A recent study observed that hospitalization rates for persons living with HIV infection in 2009 were higher than previously estimated, and AA patients with HIV infection had a 42% higher hospitalization rate for any illness than did white patients with HIV infection.¹⁹ The prevalence of HIV-PAH was highest among the 25–44-year-old age group for the NHDS/hospital discharge patients. This age group also represented individuals with the highest prevalence of HIV infection. This is consistent with findings of the study on HIV-PAH prevalence by Sitbon et al.,³ which reported a mean age for their HIV-PAH cohort of 41.5 years. Similarly, Mehta et al.²⁰ reported that, in their study cohort, the average age at presentation for HIV-PAH was 33 years. Although a larger percentage of patients with HIV-PAH were male than female, the HIV-PAH prevalence was significantly higher among female patients than male patients (P < 0.05) in both the NVSS and NHDS data sets. This is in contrast to previous reports that men had a higher risk for HIV-PAH.²¹ No clear racial disparity was noted with regard to a predisposition to HIV-PAH, because HIV-PAH prevalence was higher for AAs in the NHDS group, whereas it was higher for white patients in the NVSS group. No earlier studies have specifically investigated the possibility of a race-associated predilection for HIV-PAH. The prevalence of nonprimary pulmonary hypertension (0.57%) among HIV-infected patients at hospital discharge was the same for AA and white patients and was noted to be closer to the prevalence reported for HIV-PAH.

The HIV-PAH prevalences among HIV-infected individuals at hospital discharge (NHDS data) and at death (NVSS data) were significantly lower than previously published HIV-PAH prevalence (0.5%). The lower prevalences observed for HIV-PAH among patients at hospital discharge and at death may be due to underreporting and/or underdiagnosis of the condition. The underreporting of HIV-PAH among discharged patients may be attributable to the fact that a large number of HIV comorbidities were ranked higher than PAH on the list of diagnoses reported for individuals with HIV infection. This raises concerns as to whether HIV-PAH was, in many instances, unrecognized and untreated.

The prevalence of HIV-PAH varied widely between the NHDS data set and the NVSS data set (0.04% vs. 0.15%). The higher HIV-PAH prevalences observed at death than at hospital discharge would be expected if a disease unrecognized at discharge remained untreated, allowing it to progress to the point where it was more likely to be identified at time of death.
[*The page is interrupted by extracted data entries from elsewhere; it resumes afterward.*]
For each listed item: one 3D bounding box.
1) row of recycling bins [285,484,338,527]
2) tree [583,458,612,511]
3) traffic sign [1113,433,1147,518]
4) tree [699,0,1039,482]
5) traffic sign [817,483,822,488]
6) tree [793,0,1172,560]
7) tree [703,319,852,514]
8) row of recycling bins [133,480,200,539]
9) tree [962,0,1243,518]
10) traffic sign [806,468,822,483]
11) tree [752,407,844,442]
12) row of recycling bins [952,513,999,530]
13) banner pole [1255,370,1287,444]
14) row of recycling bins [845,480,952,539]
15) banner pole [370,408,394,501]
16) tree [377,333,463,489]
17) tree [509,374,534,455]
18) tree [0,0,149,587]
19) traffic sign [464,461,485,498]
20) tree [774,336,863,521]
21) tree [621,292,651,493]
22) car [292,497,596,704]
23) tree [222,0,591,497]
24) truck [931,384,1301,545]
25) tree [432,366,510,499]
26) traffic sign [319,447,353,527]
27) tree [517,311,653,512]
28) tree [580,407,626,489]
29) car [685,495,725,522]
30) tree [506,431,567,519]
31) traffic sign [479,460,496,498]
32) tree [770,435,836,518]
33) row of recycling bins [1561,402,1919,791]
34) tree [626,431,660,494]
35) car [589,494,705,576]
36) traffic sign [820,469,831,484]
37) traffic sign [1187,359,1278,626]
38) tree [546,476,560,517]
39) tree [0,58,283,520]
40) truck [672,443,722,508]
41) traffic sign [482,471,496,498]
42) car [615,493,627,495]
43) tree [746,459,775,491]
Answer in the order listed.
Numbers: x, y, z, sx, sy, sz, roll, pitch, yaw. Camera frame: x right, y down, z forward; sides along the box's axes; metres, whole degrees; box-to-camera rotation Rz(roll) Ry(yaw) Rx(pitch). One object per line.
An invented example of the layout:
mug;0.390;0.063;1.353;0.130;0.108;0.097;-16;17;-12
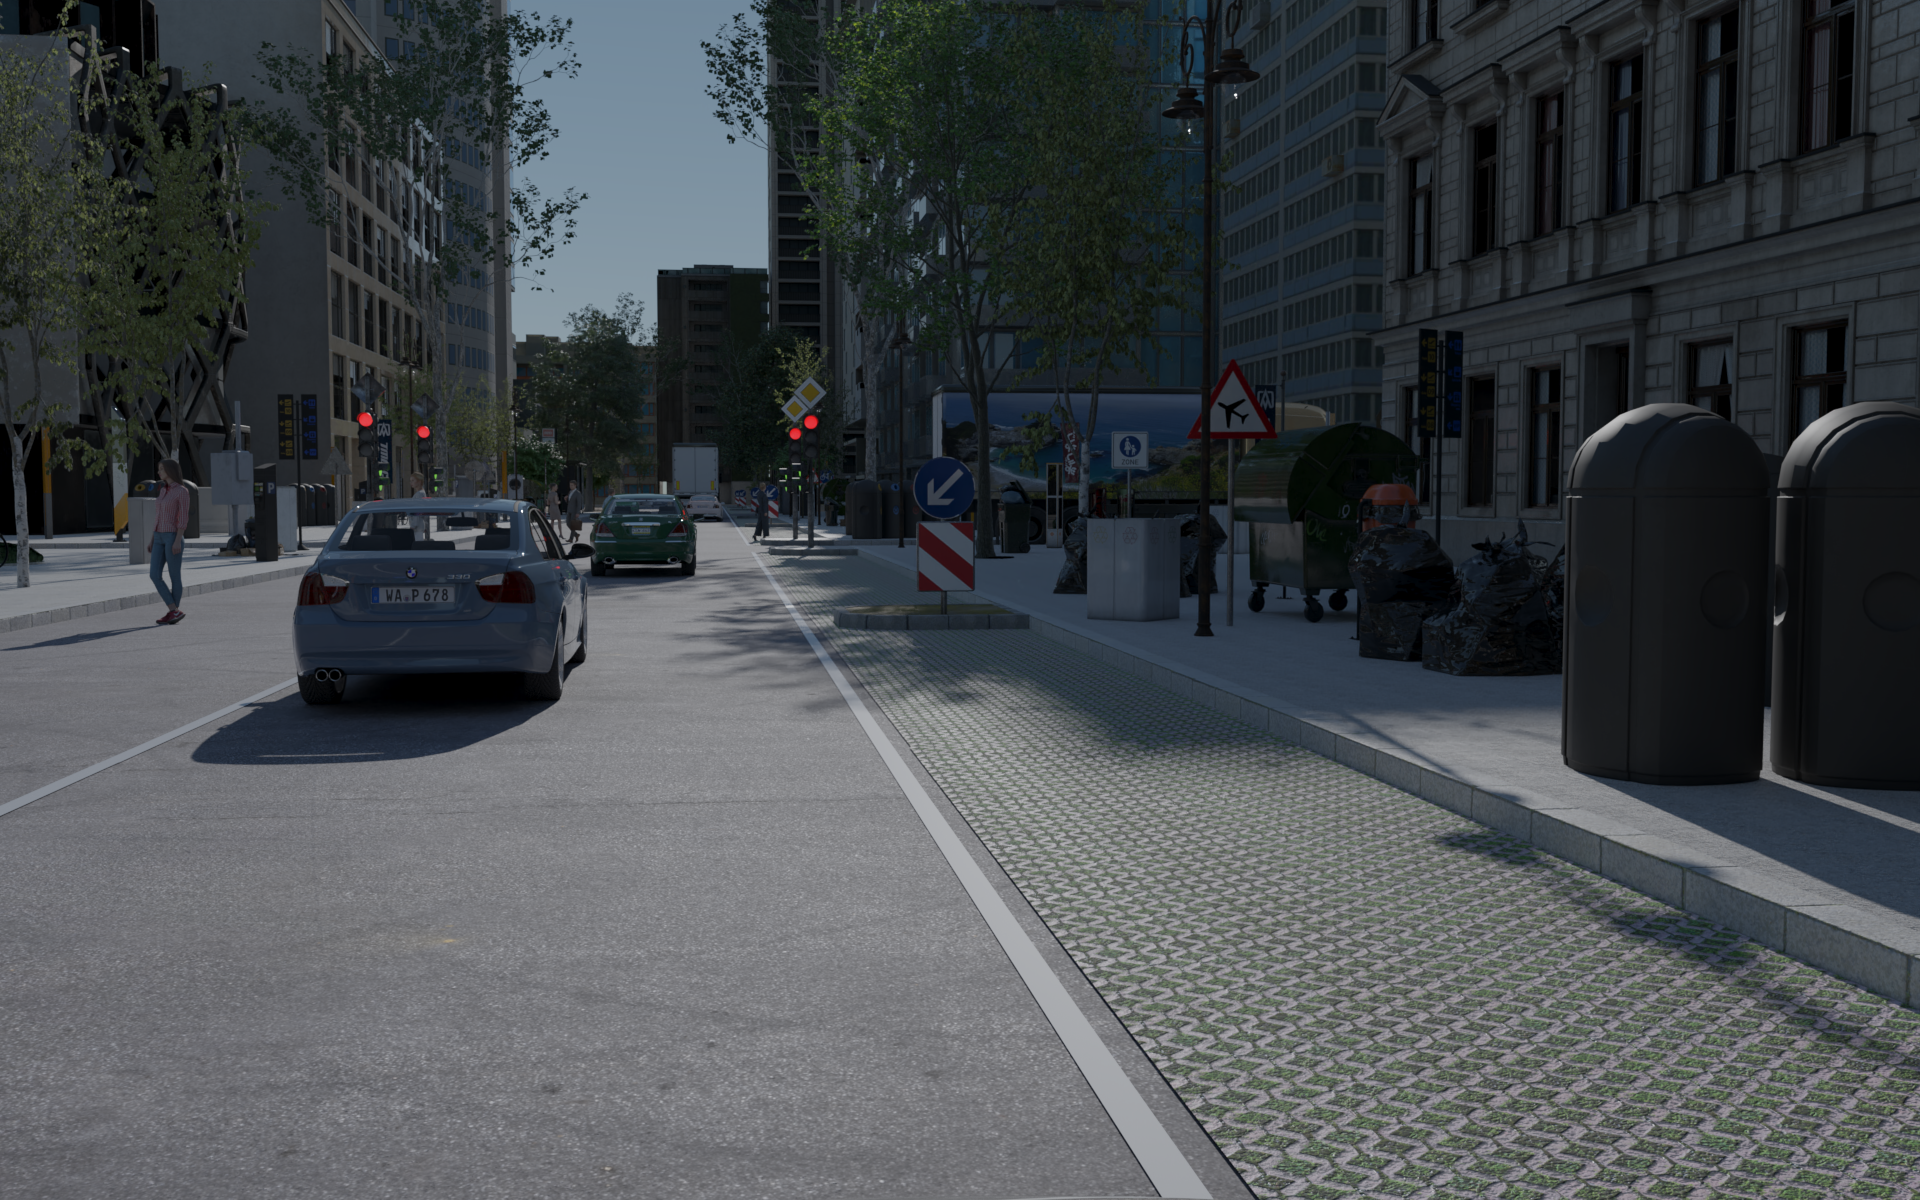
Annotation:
row of recycling bins;-26.086;-3.817;69.520;1.069;1.692;3.534;0;4;6
tree;-28.097;-9.105;132.578;4.285;4.588;4.351;0;3;0
traffic sign;2.780;-1.609;28.430;0.606;2.300;0.079;0;4;-8
tree;-1.612;-12.477;59.888;12.611;20.169;13.585;0;3;0
traffic sign;-8.680;-6.405;105.901;0.795;2.450;0.064;0;4;-4
tree;0.338;-6.634;34.226;9.928;11.665;9.643;0;3;0
tree;-11.744;-12.040;113.862;9.611;12.733;9.660;0;3;0
row of recycling bins;-23.300;-2.678;50.898;1.069;1.692;3.534;-3;5;-43
tree;1.879;-4.557;24.866;4.737;8.622;4.395;0;3;0
traffic sign;-7.215;-5.195;84.945;0.884;2.594;0.081;0;4;-4
tree;-12.757;-11.967;130.076;7.601;10.594;8.767;1;4;20
row of recycling bins;-0.006;-3.341;61.735;3.534;1.692;1.069;-2;4;-23
banner pole;6.305;-2.750;34.986;0.863;3.779;0.401;-1;4;-17
row of recycling bins;-1.835;-2.642;50.313;1.069;1.692;3.534;3;5;39
banner pole;-17.038;-3.719;50.828;0.863;3.779;0.401;-3;4;-38
tree;-24.480;-7.854;78.771;4.737;8.622;4.395;0;3;0
tree;-28.057;-9.496;105.615;4.360;8.622;3.978;0;3;0
tree;-12.945;-4.464;23.351;4.360;8.622;3.978;0;3;0
traffic sign;-18.532;-4.036;66.103;0.768;2.556;0.104;0;4;-6
tree;-6.784;-7.961;80.530;4.360;8.622;3.978;0;3;0
tree;-30.285;-18.631;160.501;12.611;20.169;13.585;0;3;0
car;-3.825;-0.073;13.194;2.014;1.417;4.499;-1;4;-9
tree;-18.536;-12.346;57.749;12.611;20.169;13.585;0;3;0
truck;4.957;-3.498;46.108;11.283;4.237;2.839;0;4;-7
tree;-28.056;-9.092;99.022;4.360;8.622;3.978;0;3;0
traffic sign;-17.058;-2.896;47.348;0.884;2.594;0.081;0;4;-7
tree;-26.303;-13.198;122.434;9.857;13.997;8.962;0;3;0
tree;-29.722;-11.955;145.829;4.360;8.622;3.978;0;3;0
car;-13.306;-4.759;90.173;2.083;1.381;4.827;0;4;-6
tree;-22.178;-6.514;90.210;4.285;4.588;4.351;0;3;0
traffic sign;-18.294;-4.076;66.650;0.884;2.594;0.081;0;4;-3
tree;-8.403;-6.599;91.614;4.285;4.588;4.351;0;3;0
row of recycling bins;4.590;-0.043;7.809;3.534;1.692;1.069;0;4;5
tree;-36.397;-15.124;197.635;4.737;8.622;4.395;0;3;0
car;-5.763;-1.223;31.796;2.131;1.459;4.920;-1;4;-8
traffic sign;-6.744;-5.328;87.225;0.768;2.556;0.104;0;4;-6
traffic sign;2.623;-1.025;16.763;0.884;2.594;0.081;0;4;-3
tree;-23.021;-6.232;96.492;1.663;3.219;1.824;0;3;0
tree;-13.460;-4.810;29.004;4.737;8.622;4.395;0;3;0
truck;-15.325;-6.855;100.987;2.839;4.237;11.283;0;4;-7
traffic sign;-20.509;-4.483;75.427;0.606;2.300;0.079;0;4;-5
car;-21.116;-6.129;109.003;1.959;1.807;4.718;-1;4;-10
tree;-21.673;-14.463;186.828;4.737;8.622;4.395;0;3;0

For each discharge status, the percentage of patients with HIV-PAH compared with either HIV-infected patients without PAH or HIV-uninfected patients with PAH was significantly different across all discharge status categories. Regardless of diagnosis, the most common discharge status observed was a routine discharge to home. Interestingly, the HIV-PAH group had the highest percentage of patients returning home after hospital discharge. Both HIV-infected patients without PAH and HIV-uninfected patients with PAH were noted to have “transfer to a long-term care facility” as the second most common discharge status, whereas patients with HIV-PAH had “left against medical advice” as their second most common discharge status, followed closely by “death.” Patients with HIV-PAH were the only group to have no discharges to a short-term care facility. Irrespective of HIV status, a higher percentage of individuals with PAH had “death” as their discharge status compared with the HIV-infected patients without PAH.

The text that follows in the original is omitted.